Link Search Menu Expand Document

Toward implementation

What is needed as information in order to run a computation step in a pipeline?

  1. First, we need data or generally speaking, input. Components/modules and pipelines should run zero-touch, so input has to be provided at startup time.

  2. Secondly, we need to know what to run en how to run it. This is in effect the definition of a modules or pipeline step.

  3. Thirdly, in many cases we will require the possibility to change parameters for individual modules in the pipeline, for instance cutoff values for a filter, or the number of clusters for a clustering algorithm. The classical way to do that is via the params object.

One might wonder if there is a difference between input and parameters pointing to input is also a kind of parametrization.
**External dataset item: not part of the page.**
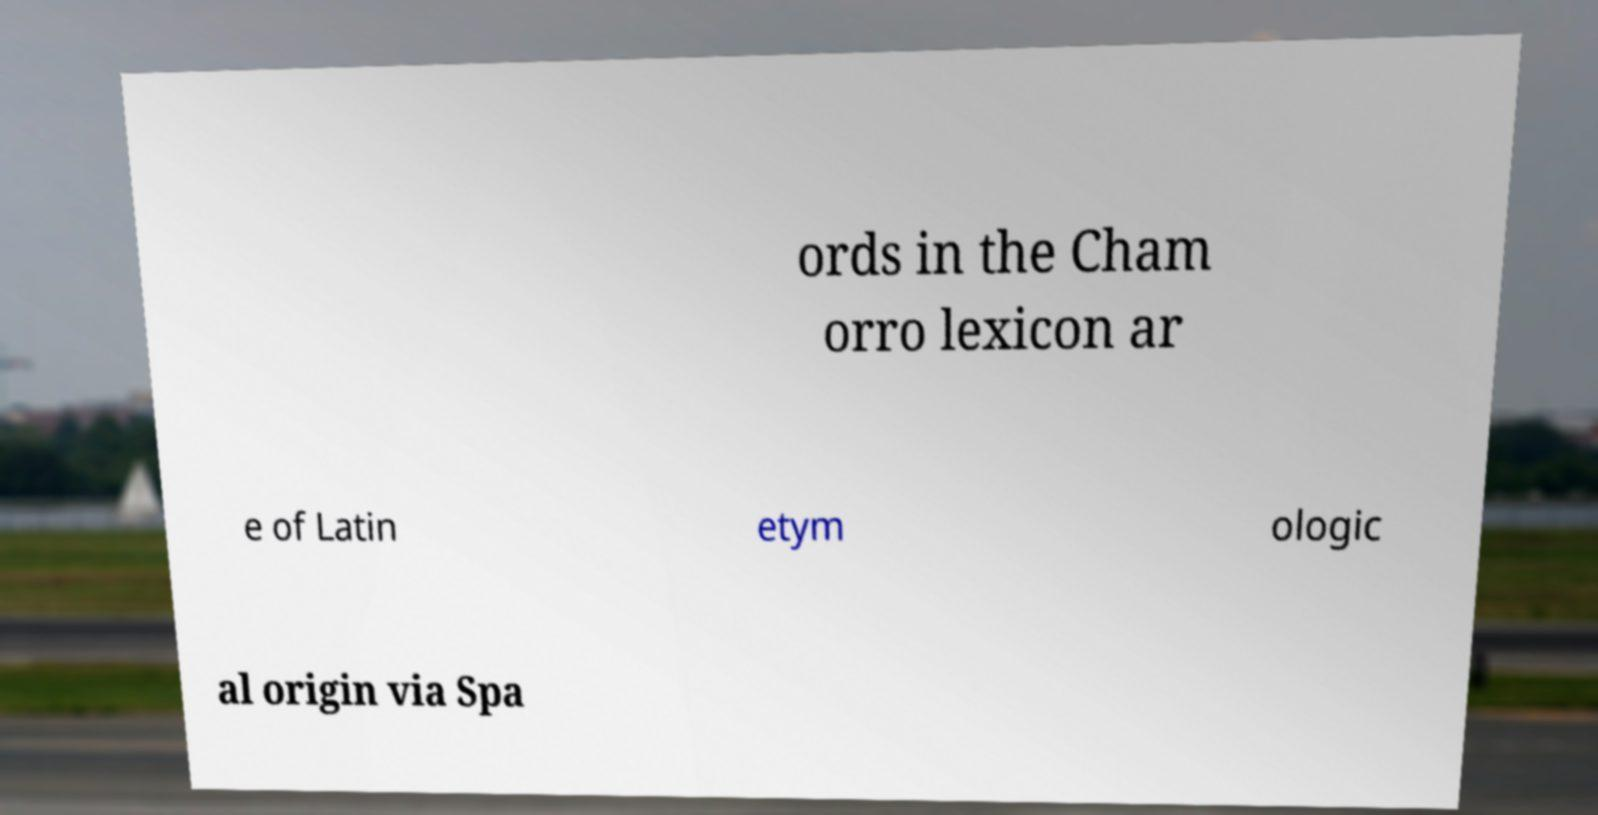Could you assist in decoding the text presented in this image and type it out clearly? ords in the Cham orro lexicon ar e of Latin etym ologic al origin via Spa 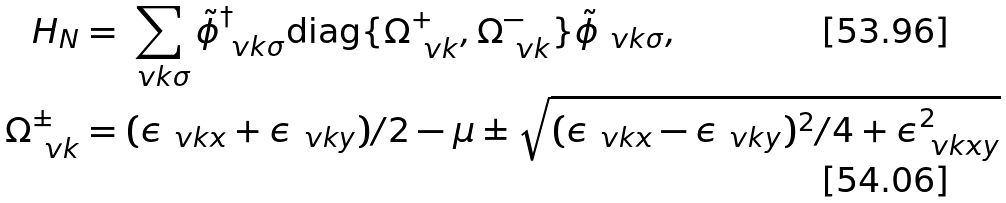<formula> <loc_0><loc_0><loc_500><loc_500>H _ { N } & = \sum _ { \ v k \sigma } \tilde { \phi } _ { \ v k \sigma } ^ { \dag } \text {diag} \{ \Omega _ { \ v k } ^ { + } , \Omega _ { \ v k } ^ { - } \} \tilde { \phi } _ { \ v k \sigma } , \\ \Omega _ { \ v k } ^ { \pm } & = ( \epsilon _ { \ v k x } + \epsilon _ { \ v k y } ) / 2 - \mu \pm \sqrt { ( \epsilon _ { \ v k x } - \epsilon _ { \ v k y } ) ^ { 2 } / 4 + \epsilon _ { \ v k x y } ^ { 2 } }</formula>

The reason those are kept apart is that additional validation steps are necessary for the data. Most pipeline systems trace input/output closely whereas parameters are ways to configure the steps in the pipeline.

In terms of FRP, and especially in the DataFlow model, we also have to keep track of the forks in a parallel execution scenario. For instance, if 10 batches of data can be processed in parallel we should give all 10 of them an ID so that individual forks can be distinguished. We will see that those IDs become crucial in most pipelines.
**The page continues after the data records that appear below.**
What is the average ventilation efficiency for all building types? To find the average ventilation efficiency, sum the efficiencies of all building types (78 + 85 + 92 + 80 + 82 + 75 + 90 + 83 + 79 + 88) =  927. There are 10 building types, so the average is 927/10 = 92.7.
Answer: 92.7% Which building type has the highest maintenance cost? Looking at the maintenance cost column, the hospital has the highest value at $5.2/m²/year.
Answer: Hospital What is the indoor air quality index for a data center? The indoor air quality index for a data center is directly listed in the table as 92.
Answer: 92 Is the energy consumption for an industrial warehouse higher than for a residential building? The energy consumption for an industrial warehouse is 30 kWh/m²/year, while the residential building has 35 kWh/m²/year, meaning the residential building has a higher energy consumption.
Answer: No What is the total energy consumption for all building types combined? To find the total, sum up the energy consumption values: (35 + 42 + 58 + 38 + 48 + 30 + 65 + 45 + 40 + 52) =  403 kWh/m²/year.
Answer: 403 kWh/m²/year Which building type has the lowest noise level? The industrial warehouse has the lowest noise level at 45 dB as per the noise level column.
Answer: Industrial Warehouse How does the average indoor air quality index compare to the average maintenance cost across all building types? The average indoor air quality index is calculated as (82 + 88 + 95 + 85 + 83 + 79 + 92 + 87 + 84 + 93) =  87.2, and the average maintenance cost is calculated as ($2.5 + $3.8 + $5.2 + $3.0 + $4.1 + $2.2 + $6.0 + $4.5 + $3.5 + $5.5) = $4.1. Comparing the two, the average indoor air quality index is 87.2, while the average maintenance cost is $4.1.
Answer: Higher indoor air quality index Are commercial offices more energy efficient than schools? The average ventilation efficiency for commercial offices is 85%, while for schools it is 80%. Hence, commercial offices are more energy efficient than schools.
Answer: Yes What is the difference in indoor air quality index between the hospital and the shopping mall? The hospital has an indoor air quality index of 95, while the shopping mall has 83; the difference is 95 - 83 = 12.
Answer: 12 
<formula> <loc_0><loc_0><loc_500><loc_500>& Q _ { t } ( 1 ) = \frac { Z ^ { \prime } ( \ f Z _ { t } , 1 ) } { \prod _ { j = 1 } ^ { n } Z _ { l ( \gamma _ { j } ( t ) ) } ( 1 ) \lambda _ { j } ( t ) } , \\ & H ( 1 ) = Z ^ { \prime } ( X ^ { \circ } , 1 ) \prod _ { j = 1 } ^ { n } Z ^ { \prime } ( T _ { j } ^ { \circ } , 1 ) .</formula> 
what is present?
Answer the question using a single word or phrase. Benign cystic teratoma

We end up with a model for a stream/channel as follows (conceptually):

[ ID, data, config ]

were

  • ID is just a string or any object for that matter that can be compared later. We usually work with strings.
  • data is a pointer to the (input) data. With NextFlow, this should be a Path object, ideally created using the file() helper function.
  • config is a nested Map where the first level keys are chosen to be simply an identifier of the pipeline step. Other approaches can be taken here, but that’s what we did.

This can be a triplet, or a list with mixed types. In Groovy, both can be used interchangeably.

The output of a pipeline step/mudules adheres to the same structure so that pipeline steps can easily be chained.